NRPE: Allow excluding queues from queue-size checks

Option '-e <vhost> <queue>' was added to the 'check_rabbitmq_queues.py' nrpe script to allow excluding selected queues when checking queue sizes. Corresponding option 'exclude_queues' was added to the charm config. By default, following queues are excluded: * event.sample * notifications_designate.info * notifications_designate.error * versioned_notifications.info * versioned_notifications.error Closes-Bug: #1811433 Change-Id: I57e297bb4323a3ab98da020bfcb1630889aac6d7
2020-12-08 15:51:32 +01:00 · 2020-12-08 15:51:32 +01:00 · 7acad5fdaa
parent 07ec03b5d7
commit 7acad5fdaa
5 changed files with 57 additions and 8 deletions
--- a/.zuul.yaml
+++ b/.zuul.yaml
@ -1,5 +1,4 @@
 - project:
    templates:
-      - python35-charm-jobs
+      - openstack-python3-charm-jobs
      - openstack-python3-ussuri-jobs
      - openstack-cover-jobs
--- a/config.yaml
+++ b/config.yaml
@ -106,6 +106,20 @@ options:
      Wildcards '*' are accepted to monitor all vhosts and/or queues.
      In case of multiple matches, only the first will apply: wildcards should
      therefore be used last in order to avoid unexpected behavior.
  exclude_queues:
    type: string
    default: "[]"
    description: |
      List of RabbitMQ queues that should be skipped when checking thresholds.
      Interpreted as YAML in format [<vhost>, <queue>]
      Per-queue thresholds can be expressed as a multi-line YAML array:
      - ['/', 'queue1']
      - ['/', 'queue2']
      Or as a list of lists:
      [['/', 'queue1'], ['/', 'queue2']]
      Wildcards '*' are accepted to exclude, for example, single queue on all
      hosts. Note that the wildcard asterisk must be double-escaped. Example:
      [['\\*', 'queue1']]
  connection-backlog:
    type: int
    default:
--- a/files/check_rabbitmq_queues.py
+++ b/files/check_rabbitmq_queues.py
@ -38,12 +38,22 @@ def gen_stats(data_lines):
        yield vhost, queue, int(m_all)
-def collate_stats(stats, limits):
+def collate_stats(stats, limits, exclude):
    # Create a dict with stats collated according to the definitions in the
    # limits file.
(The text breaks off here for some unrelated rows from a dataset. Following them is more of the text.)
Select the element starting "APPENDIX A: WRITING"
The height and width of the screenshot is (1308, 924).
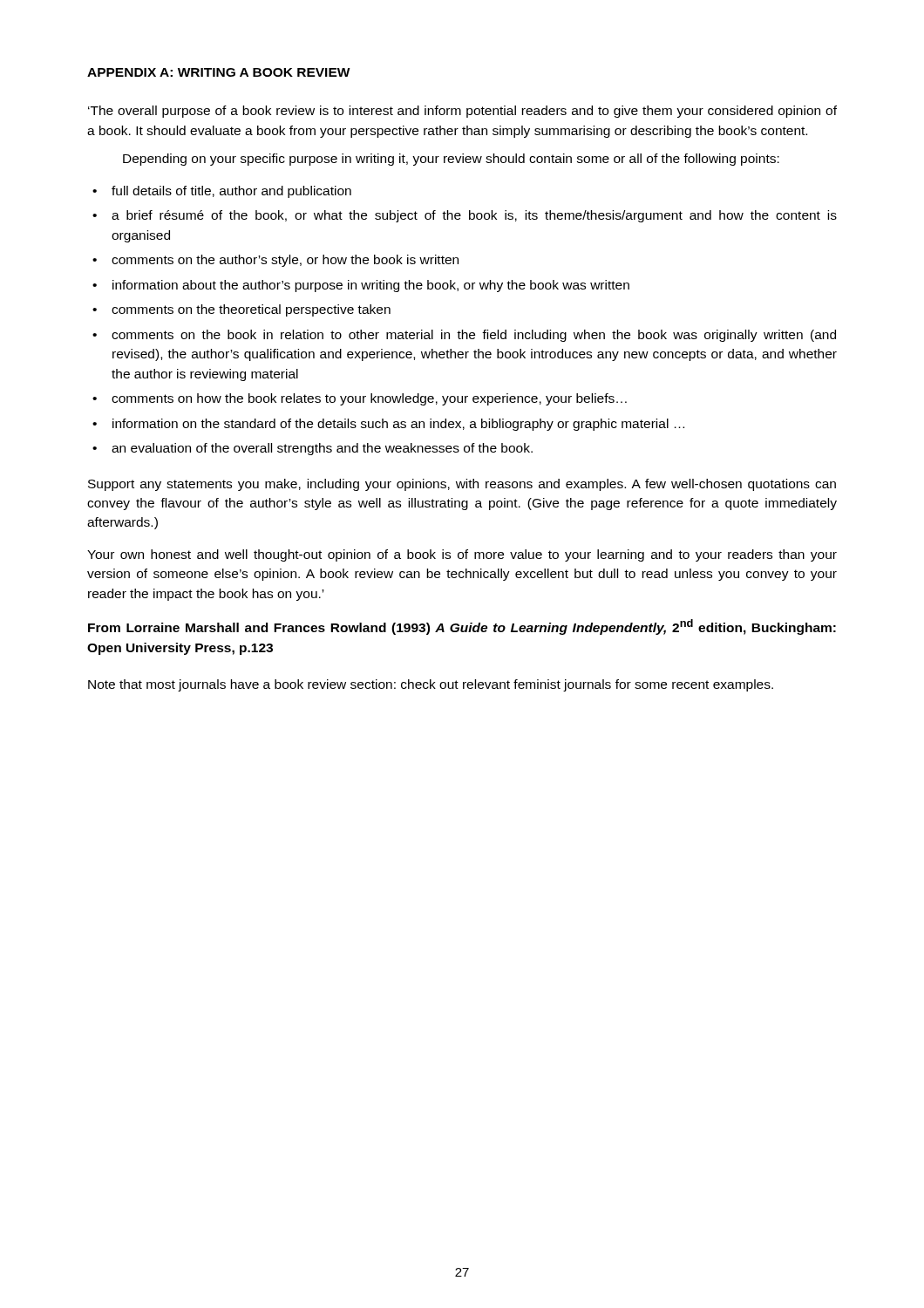point(219,72)
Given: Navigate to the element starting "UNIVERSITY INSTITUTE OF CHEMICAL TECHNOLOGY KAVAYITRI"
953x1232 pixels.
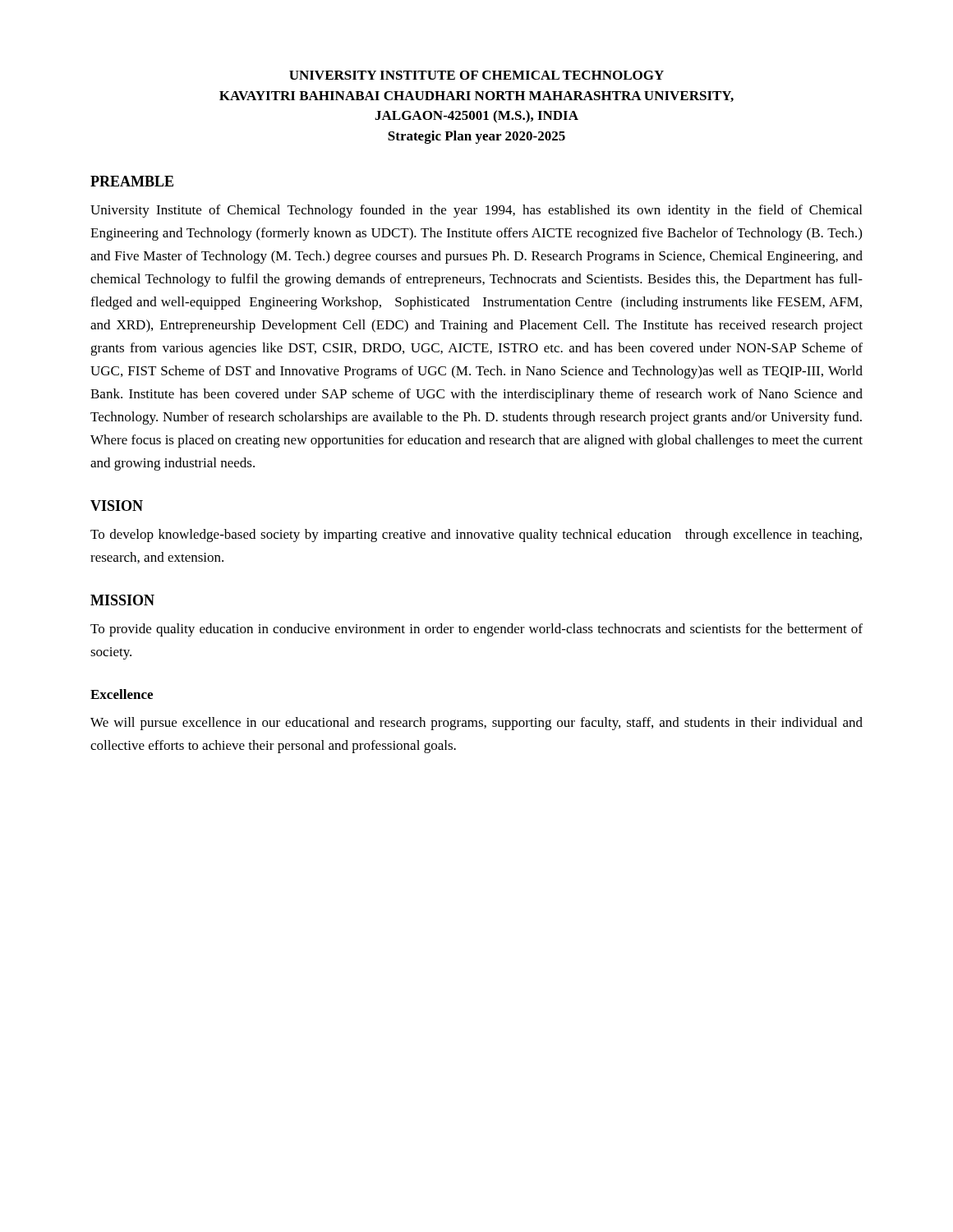Looking at the screenshot, I should point(476,106).
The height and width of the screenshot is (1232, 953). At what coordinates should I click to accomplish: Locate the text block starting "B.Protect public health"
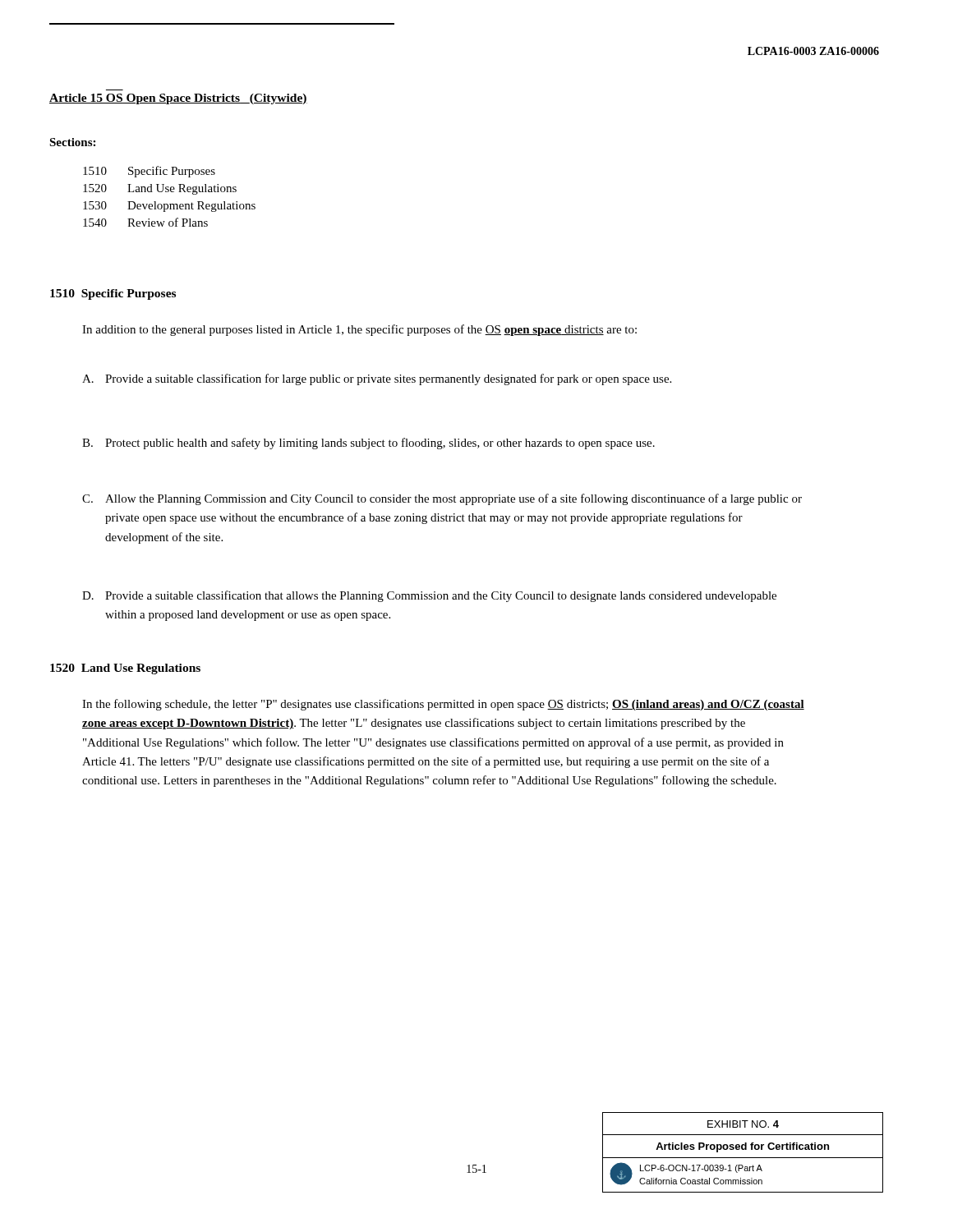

If none of the definitions in the limits file is matched,
    # store the stat without collating.
    collated = defaultdict(lambda: 0)
    for vhost, queue, m_all in stats:
        skip = False
        for e_vhost, e_queue in exclude:
            if fnmatchcase(vhost, e_vhost) and fnmatchcase(queue, e_queue):
                skip = True
                break
        if skip:
            continue
        for l_vhost, l_queue, _, _ in limits:
            if fnmatchcase(vhost, l_vhost) and fnmatchcase(queue, l_queue):
                collated[l_vhost, l_queue] += m_all
@ -120,7 +130,18 @@ if __name__ == "__main__":
        action='append',
        required=True,
        metavar=('vhost', 'queue', 'warn', 'crit'),
-        help=('Vhost and queue to check. Can be used multiple times'))
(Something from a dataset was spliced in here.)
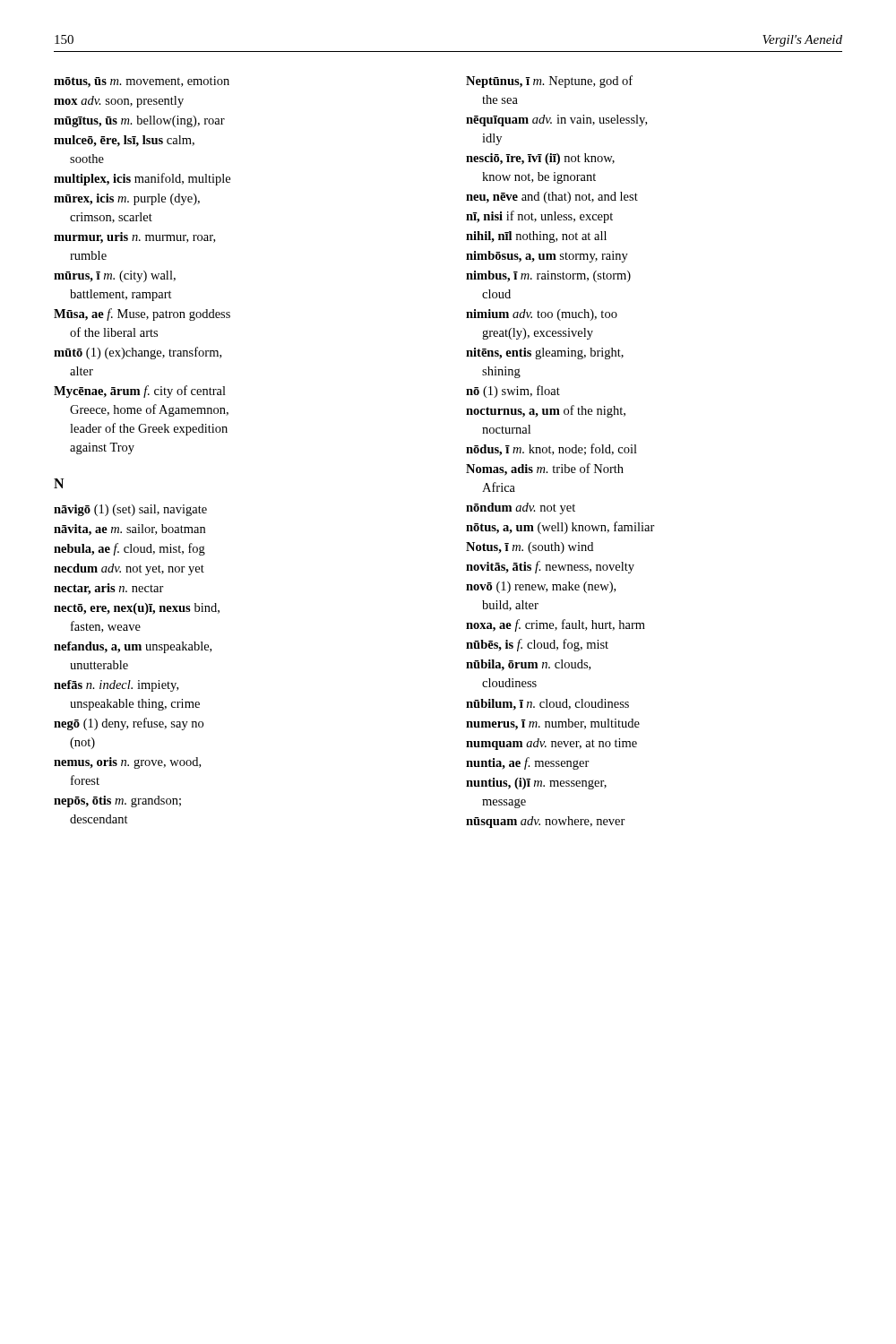The height and width of the screenshot is (1344, 896).
Task: Point to the block starting "nemus, oris n."
Action: (128, 771)

+        help='Vhost and queue to check. Can be used multiple times'
    )
    parser.add_argument(
        '-e',
        nargs=2,
        action='append',
        required=False,
        default=[],
        metavar=('vhost', 'queue'),
        help='Vhost and queue to exclude from checks. Can be used multiple \
        times'
    )
    parser.add_argument(
        'stats_file',
        nargs='*',
@ -133,7 +154,7 @@ if __name__ == "__main__":
        chain.from_iterable(
            gen_data_lines(filename) for filename in args.stats_file))
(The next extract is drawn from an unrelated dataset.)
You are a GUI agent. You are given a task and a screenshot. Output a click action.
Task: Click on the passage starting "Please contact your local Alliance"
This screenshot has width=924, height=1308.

    # Collate stats according to limit definitions and check.
-    stats_collated = collate_stats(stats, args.c)
+    stats_collated = collate_stats(stats, args.c, args.e)
    stats_checked = check_stats(stats_collated, args.c)
    criticals, warnings = [], []
    for queue, vhost, message_no, status in stats_checked:
--- a/hooks/rabbit_utils.py
+++ b/hooks/rabbit_utils.py
@ -1403,6 +1403,9 @@ def nrpe_update_queues_check(nrpe_compat, rabbit_dir):
        # If value of queue_thresholds is incorrect we want the hook to fail
        for item in yaml.safe_load(config('queue_thresholds')):
            cmd += ' -c "{}" "{}" {} {}'.format(*item)
        for item in yaml.safe_load(config('exclude_queues')):
            cmd += ' -e "{}" "{}"'.format(*item)
        nrpe_compat.add_check(
            shortname=RABBIT_USER + '_queue',
            description='Check RabbitMQ Queues',
--- a/unit_tests/test_rabbit_utils.py
+++ b/unit_tests/test_rabbit_utils.py
@ -1157,13 +1157,25 @@ class UtilsTests(CharmTestCase):
        # call with stats_cron_schedule set to '*/5 * * * *'
        self.test_config.set('stats_cron_schedule', '*/5 * * * *')
        # set some queues to exclude to test proper command generation
        # with '-e' parameter
        self.test_config.set('exclude_queues',
                             "[['\\*', 'event.sample'], "
                             "['\\*', 'notifications_designate.info']]")
        rabbit_utils.nrpe_update_queues_check(self.nrpe_compat, self.tmp_dir)
        default_excludes = [
            ('\\*', 'event.sample'),
            ('\\*', 'notifications_designate.info'),
        ]
        exclude_queues = ''
        for vhost, queue in default_excludes:
            exclude_queues += '-e "{}" "{}" '.format(vhost, queue)
        self.nrpe_compat.add_check.assert_called_with(
            shortname='rabbitmq_queue',
            description='Check RabbitMQ Queues',
-            check_cmd='{}/check_rabbitmq_queues.py -c "\\*" "\\*" 100 200 '
+            check_cmd='{0}/check_rabbitmq_queues.py -c "\\*" "\\*" 100 200 {1}'
-                      '{}/data/test_queue_stats.dat'.format(self.tmp_dir,
+                      '{0}/data/test_queue_stats.dat'.format(self.tmp_dir,
-                                                            self.tmp_dir))
+                                                             exclude_queues))
        self.nrpe_compat.remove_check.assert_not_called()
        self.nrpe_compat.reset_mock()